- _Stored data entries_
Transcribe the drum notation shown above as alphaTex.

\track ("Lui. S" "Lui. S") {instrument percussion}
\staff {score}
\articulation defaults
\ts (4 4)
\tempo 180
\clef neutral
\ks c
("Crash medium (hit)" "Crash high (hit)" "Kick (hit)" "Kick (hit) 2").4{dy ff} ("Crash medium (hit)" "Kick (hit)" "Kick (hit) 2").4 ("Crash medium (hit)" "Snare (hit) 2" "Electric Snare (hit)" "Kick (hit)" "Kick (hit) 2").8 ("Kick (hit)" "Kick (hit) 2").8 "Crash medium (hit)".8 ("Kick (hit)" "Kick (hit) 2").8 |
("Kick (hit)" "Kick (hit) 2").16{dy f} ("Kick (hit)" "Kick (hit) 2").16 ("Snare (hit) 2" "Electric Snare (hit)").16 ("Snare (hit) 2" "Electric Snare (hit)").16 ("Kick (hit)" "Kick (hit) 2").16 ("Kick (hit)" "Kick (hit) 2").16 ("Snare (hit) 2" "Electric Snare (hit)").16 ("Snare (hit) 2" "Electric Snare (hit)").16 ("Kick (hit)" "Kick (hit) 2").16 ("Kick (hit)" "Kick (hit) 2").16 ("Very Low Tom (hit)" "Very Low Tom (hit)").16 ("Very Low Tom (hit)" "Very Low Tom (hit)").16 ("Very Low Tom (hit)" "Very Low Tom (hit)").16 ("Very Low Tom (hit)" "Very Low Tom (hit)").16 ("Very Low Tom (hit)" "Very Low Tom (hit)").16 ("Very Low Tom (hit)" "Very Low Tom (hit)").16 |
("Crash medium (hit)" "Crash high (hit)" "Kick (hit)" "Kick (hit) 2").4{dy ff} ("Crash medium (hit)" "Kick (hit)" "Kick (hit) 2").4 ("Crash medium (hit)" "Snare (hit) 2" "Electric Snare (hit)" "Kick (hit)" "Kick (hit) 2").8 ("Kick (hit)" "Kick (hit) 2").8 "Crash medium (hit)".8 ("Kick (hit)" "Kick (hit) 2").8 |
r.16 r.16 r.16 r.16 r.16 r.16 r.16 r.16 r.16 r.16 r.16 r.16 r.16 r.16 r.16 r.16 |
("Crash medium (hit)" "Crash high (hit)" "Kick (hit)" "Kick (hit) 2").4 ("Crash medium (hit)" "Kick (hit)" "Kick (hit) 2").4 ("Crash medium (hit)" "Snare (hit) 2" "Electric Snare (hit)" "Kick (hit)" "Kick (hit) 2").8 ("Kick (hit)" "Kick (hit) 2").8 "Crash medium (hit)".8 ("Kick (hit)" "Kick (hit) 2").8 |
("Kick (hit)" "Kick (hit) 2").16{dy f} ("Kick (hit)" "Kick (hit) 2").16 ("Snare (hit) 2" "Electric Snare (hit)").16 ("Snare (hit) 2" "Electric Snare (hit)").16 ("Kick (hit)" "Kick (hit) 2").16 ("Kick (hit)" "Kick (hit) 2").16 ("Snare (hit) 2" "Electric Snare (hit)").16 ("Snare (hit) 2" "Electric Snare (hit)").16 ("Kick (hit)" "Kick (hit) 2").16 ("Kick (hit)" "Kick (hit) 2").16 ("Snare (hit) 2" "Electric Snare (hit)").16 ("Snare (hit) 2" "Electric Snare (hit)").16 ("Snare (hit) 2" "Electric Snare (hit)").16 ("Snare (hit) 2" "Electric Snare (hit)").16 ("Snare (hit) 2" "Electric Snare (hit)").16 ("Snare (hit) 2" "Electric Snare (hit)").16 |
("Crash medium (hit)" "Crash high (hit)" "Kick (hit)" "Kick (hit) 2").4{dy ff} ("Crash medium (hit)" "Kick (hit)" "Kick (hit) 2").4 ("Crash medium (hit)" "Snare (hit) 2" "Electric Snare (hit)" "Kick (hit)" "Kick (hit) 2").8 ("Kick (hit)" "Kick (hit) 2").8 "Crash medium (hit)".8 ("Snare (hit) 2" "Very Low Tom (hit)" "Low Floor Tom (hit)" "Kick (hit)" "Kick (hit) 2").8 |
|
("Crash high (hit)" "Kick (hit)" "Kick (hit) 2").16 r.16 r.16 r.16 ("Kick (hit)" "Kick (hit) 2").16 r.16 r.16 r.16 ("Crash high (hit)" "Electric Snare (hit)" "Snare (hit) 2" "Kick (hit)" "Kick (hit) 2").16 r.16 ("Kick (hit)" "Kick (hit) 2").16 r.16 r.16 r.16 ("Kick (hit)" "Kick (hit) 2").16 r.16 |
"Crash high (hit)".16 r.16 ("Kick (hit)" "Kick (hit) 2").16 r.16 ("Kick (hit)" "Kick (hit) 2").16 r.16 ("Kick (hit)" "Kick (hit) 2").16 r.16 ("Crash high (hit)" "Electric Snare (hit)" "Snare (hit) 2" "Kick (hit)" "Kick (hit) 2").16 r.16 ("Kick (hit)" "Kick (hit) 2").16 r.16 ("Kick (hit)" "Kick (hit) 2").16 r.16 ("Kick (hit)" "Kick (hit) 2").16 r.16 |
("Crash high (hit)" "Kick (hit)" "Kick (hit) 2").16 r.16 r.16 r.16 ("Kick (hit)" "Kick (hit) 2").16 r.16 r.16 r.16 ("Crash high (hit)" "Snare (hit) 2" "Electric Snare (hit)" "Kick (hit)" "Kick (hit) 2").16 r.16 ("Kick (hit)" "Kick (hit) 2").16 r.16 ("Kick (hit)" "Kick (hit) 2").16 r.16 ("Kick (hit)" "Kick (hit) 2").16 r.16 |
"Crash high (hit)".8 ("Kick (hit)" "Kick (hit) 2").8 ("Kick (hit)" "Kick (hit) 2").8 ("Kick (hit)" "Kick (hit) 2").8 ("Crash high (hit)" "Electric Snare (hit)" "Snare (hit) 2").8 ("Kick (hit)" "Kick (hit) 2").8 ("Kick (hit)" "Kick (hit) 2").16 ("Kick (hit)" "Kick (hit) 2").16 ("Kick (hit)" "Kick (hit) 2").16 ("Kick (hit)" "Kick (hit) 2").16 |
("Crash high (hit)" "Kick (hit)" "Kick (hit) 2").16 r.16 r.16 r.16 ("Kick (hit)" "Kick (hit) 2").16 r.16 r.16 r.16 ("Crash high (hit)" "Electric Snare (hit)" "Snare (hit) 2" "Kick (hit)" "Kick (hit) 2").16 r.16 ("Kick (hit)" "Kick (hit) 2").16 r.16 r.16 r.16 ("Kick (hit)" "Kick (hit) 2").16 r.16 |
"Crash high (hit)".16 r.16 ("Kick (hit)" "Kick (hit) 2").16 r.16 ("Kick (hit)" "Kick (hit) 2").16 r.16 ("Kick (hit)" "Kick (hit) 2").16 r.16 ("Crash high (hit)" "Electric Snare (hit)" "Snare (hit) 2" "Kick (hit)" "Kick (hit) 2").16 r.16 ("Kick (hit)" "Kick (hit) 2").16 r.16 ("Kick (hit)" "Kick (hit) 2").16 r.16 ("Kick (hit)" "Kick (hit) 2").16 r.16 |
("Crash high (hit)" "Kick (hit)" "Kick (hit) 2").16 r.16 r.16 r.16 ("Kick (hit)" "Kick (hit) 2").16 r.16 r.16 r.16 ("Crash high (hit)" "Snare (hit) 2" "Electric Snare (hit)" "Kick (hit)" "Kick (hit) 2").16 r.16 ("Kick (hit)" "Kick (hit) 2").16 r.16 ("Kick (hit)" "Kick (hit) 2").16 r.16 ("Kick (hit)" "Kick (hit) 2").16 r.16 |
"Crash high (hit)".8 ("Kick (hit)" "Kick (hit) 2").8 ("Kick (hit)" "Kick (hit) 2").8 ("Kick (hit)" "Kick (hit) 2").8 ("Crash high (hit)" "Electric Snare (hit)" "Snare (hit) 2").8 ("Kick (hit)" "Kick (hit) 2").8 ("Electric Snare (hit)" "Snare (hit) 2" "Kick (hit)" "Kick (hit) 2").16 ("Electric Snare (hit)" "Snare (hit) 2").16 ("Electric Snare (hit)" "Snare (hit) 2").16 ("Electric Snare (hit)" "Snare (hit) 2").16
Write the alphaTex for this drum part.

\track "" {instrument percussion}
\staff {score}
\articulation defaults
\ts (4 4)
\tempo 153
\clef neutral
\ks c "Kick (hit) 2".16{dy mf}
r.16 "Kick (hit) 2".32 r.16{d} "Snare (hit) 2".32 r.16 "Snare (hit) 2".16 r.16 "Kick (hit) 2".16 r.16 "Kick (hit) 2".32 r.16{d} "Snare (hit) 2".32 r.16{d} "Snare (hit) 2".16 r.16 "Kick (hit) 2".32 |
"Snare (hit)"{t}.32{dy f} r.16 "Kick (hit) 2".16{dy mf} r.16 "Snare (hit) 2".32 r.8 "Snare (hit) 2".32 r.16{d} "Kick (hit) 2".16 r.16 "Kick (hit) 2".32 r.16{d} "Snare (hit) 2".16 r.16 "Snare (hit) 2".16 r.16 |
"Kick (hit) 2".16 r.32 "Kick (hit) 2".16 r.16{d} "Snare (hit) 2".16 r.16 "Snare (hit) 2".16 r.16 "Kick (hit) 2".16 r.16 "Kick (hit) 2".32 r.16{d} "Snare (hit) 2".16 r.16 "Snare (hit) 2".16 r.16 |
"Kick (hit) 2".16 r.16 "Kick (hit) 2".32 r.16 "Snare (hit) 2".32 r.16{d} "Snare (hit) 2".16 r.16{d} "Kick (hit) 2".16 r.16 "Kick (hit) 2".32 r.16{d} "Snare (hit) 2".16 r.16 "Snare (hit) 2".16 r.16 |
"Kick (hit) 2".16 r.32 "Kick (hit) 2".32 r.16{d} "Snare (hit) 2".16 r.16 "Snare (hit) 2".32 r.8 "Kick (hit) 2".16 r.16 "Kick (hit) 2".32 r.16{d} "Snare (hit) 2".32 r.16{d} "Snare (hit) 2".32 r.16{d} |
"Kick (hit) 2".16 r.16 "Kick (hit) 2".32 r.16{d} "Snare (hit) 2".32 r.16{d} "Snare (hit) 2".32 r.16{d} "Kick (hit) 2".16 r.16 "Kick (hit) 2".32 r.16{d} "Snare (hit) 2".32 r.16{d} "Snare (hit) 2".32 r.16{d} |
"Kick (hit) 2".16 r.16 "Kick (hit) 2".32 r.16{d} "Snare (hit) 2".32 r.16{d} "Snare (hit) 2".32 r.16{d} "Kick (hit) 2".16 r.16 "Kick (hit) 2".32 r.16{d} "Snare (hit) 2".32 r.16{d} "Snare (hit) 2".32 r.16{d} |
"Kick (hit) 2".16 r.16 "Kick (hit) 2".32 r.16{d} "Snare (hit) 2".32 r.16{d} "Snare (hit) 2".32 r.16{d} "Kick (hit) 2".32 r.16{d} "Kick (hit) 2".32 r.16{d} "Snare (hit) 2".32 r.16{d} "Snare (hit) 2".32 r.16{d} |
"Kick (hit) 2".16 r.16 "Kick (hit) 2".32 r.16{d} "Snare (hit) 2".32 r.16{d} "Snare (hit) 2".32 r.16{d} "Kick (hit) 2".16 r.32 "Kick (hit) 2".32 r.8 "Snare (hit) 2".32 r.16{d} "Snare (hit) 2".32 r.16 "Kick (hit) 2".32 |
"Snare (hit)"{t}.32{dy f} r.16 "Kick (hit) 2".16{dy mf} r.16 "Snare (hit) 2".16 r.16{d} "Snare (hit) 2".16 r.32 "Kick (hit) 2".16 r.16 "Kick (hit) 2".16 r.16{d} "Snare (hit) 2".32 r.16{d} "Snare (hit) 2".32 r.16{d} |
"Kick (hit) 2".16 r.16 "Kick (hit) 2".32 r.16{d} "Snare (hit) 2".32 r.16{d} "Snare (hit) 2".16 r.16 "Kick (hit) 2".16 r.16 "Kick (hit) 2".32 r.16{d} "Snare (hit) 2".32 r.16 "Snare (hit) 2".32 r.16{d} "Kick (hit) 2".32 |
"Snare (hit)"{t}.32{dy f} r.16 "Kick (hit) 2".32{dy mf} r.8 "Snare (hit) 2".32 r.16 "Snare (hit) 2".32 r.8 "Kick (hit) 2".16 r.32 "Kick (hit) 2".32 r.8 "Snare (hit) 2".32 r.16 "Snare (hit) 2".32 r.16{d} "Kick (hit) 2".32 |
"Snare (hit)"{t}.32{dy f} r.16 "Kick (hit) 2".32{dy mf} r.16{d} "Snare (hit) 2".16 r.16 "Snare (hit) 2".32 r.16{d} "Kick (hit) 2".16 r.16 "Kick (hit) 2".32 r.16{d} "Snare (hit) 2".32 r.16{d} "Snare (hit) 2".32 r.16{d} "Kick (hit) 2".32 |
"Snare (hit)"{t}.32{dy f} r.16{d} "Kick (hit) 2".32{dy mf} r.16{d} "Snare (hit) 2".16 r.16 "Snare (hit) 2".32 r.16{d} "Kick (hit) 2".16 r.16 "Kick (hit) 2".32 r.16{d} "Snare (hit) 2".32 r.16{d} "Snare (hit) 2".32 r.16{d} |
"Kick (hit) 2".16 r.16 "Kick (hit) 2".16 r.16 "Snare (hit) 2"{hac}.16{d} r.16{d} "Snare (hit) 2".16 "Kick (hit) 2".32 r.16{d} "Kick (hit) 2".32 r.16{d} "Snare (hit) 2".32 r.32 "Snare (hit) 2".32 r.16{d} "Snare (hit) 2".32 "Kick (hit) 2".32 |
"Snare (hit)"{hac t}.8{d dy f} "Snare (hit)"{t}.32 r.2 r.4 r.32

- _Problem_
In the data above, copy every line where the string "drum" appears.

- _Reply to the exercise_
Transcribe the drum notation shown above as alphaTex.
Write the alphaTex for this drum part.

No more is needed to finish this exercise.